▶ **Activity**
Write out, word for word, the part of the listing below that opens with the line containing "Give a very brief answer. 7." and closes with the line containing "Your answer should be compact. Percentage", keeping both of those lines and adding no others.

□ □ □ □

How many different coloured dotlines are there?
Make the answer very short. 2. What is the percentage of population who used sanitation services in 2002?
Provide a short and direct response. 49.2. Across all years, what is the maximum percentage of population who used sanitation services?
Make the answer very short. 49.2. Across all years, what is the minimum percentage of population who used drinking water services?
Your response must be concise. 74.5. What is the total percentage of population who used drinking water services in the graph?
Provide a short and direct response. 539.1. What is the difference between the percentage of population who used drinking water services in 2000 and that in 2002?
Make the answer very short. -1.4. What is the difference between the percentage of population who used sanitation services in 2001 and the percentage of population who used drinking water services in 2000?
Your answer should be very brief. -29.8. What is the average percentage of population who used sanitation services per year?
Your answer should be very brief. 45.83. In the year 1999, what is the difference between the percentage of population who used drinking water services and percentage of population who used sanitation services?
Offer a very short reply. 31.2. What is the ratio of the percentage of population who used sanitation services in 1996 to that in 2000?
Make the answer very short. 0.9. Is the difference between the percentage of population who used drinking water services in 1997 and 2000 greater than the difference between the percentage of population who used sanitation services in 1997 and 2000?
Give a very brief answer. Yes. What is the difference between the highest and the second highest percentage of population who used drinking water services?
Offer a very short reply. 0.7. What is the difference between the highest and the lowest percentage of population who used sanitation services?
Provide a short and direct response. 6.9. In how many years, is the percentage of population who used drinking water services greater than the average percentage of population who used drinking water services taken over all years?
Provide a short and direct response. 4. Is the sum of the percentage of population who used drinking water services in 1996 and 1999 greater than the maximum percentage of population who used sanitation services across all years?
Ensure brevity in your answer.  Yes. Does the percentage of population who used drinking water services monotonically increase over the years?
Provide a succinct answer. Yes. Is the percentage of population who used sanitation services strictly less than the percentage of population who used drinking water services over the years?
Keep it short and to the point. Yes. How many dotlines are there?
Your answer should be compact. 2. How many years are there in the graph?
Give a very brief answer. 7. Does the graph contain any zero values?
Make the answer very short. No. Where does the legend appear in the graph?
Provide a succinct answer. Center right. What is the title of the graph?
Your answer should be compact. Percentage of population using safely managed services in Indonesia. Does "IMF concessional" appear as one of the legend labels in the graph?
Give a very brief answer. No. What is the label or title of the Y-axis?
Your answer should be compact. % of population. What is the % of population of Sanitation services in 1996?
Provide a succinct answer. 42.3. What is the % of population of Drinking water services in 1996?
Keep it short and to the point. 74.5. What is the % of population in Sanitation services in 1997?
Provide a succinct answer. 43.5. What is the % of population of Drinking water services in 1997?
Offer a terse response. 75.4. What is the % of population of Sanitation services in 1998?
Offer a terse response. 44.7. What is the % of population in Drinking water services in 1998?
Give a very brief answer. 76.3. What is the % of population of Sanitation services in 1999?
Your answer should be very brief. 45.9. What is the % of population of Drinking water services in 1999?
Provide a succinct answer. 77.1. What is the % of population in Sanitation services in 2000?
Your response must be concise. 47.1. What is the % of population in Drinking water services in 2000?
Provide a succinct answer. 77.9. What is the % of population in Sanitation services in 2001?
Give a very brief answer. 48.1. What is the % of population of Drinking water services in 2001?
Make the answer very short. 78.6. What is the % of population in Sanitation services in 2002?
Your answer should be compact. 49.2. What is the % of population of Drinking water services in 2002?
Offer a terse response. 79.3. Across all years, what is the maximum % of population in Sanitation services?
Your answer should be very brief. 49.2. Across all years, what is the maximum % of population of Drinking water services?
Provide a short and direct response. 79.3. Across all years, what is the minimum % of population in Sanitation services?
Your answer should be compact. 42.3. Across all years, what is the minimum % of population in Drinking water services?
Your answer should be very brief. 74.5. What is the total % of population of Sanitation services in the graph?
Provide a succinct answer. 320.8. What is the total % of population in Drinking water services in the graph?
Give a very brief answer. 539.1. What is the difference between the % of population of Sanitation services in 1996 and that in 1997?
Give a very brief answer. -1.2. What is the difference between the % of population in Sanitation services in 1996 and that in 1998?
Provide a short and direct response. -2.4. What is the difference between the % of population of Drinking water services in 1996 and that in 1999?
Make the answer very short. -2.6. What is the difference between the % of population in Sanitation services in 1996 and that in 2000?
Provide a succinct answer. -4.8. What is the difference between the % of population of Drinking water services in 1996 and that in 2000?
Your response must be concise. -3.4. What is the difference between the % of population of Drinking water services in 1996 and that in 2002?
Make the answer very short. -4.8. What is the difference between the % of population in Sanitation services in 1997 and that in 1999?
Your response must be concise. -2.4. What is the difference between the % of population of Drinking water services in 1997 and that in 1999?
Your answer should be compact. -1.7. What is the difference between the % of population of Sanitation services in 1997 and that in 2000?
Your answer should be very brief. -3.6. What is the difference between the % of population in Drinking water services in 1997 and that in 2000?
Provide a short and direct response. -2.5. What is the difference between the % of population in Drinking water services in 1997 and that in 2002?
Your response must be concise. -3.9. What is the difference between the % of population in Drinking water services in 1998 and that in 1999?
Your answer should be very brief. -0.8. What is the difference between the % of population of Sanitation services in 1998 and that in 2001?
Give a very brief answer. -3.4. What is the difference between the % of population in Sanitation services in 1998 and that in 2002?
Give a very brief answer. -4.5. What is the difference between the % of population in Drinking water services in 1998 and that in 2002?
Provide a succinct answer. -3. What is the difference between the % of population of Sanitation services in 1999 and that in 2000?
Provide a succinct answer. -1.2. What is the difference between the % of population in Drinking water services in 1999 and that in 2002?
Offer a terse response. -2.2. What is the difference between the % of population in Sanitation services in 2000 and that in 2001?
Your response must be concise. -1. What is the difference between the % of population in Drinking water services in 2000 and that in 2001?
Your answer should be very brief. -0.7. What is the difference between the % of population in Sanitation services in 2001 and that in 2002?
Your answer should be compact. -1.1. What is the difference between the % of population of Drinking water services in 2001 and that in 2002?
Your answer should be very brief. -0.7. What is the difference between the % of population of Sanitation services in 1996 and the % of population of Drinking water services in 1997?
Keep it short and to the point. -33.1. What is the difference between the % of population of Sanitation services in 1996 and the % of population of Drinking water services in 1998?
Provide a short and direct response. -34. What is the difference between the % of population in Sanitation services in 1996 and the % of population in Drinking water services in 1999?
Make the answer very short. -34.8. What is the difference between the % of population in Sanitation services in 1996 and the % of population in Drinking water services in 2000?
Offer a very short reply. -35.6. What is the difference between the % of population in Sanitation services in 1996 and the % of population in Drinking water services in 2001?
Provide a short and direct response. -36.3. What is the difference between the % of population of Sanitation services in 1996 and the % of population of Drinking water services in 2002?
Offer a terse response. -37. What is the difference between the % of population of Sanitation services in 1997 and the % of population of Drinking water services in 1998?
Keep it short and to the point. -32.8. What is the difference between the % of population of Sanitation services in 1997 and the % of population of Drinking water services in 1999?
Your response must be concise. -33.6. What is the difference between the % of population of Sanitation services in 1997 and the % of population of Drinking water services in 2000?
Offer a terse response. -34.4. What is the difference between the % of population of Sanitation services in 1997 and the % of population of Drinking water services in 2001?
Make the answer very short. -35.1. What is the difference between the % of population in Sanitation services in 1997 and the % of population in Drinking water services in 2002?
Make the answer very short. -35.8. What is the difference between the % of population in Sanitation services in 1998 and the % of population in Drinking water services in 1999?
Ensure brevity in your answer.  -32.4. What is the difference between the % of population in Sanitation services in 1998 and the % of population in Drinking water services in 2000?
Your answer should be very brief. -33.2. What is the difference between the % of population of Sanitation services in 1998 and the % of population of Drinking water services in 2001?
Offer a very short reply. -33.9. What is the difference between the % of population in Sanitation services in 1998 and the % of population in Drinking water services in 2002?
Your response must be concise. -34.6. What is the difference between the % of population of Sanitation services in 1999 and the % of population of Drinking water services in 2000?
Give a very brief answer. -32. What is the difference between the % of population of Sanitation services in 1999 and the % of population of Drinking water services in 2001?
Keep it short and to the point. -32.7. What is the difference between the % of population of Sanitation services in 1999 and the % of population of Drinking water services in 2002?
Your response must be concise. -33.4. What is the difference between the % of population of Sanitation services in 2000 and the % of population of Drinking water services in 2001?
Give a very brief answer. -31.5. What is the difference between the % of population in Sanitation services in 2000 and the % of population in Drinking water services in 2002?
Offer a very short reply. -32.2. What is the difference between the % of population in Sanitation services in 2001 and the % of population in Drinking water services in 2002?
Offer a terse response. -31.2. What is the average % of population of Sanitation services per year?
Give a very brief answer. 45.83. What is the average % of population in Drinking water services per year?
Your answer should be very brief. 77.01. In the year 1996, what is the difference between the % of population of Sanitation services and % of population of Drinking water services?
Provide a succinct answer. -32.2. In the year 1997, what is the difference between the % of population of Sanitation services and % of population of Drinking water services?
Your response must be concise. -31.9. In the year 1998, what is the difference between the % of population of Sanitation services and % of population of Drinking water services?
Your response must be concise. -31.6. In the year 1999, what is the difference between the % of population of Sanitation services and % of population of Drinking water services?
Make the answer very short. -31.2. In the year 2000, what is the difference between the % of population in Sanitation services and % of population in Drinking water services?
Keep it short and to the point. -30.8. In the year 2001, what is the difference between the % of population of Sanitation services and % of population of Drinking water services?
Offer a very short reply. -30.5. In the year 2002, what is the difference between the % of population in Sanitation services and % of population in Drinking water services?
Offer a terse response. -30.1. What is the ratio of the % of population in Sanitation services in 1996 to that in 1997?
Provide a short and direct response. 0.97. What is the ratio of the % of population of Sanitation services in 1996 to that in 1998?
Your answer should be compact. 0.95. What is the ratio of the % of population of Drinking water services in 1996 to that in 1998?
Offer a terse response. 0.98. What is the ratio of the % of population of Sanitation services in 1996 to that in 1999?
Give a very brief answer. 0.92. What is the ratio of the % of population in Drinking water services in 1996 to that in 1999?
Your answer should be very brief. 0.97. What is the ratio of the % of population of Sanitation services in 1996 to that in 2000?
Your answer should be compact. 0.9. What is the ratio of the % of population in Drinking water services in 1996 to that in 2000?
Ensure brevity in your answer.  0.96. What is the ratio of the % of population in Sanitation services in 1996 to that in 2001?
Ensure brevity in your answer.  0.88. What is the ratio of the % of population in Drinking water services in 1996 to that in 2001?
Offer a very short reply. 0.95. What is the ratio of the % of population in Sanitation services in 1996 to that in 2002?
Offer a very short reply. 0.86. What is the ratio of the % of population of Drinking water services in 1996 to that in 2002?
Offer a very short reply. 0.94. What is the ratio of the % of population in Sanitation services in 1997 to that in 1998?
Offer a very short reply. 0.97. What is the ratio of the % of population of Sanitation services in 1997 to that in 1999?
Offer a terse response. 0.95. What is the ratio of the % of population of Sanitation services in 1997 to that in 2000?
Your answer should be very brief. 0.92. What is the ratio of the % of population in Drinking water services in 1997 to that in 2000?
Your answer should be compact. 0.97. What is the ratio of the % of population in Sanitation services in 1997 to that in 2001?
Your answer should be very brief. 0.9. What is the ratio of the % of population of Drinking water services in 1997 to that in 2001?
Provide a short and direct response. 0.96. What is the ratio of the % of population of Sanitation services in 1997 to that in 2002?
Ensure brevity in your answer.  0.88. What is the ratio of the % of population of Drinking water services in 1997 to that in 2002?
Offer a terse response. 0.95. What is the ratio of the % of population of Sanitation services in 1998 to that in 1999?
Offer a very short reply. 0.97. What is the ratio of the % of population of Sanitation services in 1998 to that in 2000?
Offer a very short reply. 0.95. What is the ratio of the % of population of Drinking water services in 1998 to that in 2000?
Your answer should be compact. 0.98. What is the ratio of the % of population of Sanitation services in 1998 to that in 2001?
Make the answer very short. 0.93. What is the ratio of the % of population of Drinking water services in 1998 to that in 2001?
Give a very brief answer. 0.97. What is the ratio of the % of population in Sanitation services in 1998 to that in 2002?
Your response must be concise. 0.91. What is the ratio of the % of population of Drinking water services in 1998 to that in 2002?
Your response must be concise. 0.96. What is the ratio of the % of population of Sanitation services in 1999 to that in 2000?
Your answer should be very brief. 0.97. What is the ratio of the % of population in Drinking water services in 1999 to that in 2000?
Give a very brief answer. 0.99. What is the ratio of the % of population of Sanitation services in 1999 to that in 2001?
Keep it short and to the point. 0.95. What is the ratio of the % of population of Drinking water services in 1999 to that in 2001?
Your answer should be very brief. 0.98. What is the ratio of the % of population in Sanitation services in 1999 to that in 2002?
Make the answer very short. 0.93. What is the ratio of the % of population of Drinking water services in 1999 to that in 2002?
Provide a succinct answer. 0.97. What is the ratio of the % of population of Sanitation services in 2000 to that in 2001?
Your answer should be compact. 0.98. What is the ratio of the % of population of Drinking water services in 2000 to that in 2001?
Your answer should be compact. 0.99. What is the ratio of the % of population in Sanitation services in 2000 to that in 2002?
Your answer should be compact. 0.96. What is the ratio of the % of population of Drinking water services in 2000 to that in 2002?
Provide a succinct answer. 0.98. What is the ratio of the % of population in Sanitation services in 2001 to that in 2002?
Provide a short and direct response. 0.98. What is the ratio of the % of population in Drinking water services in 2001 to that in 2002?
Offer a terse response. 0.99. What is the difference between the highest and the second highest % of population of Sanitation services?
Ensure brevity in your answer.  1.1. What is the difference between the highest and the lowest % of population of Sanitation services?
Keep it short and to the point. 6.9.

□ □ □ □

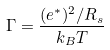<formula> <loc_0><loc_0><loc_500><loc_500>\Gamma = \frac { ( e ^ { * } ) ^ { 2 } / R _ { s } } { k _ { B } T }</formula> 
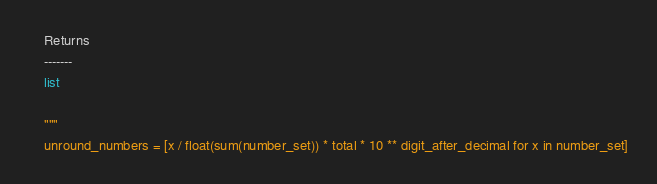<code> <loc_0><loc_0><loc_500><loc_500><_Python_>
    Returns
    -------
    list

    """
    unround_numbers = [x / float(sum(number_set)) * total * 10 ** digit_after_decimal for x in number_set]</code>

□ □ □ □

▶ **Reply**
Give a very brief answer. 7. Does the graph contain any zero values?
Make the answer very short. No. Where does the legend appear in the graph?
Provide a succinct answer. Center right. What is the title of the graph?
Your answer should be compact. Percentage of population using safely managed services in Indonesia. Does "IMF concessional" appear as one of the legend labels in the graph?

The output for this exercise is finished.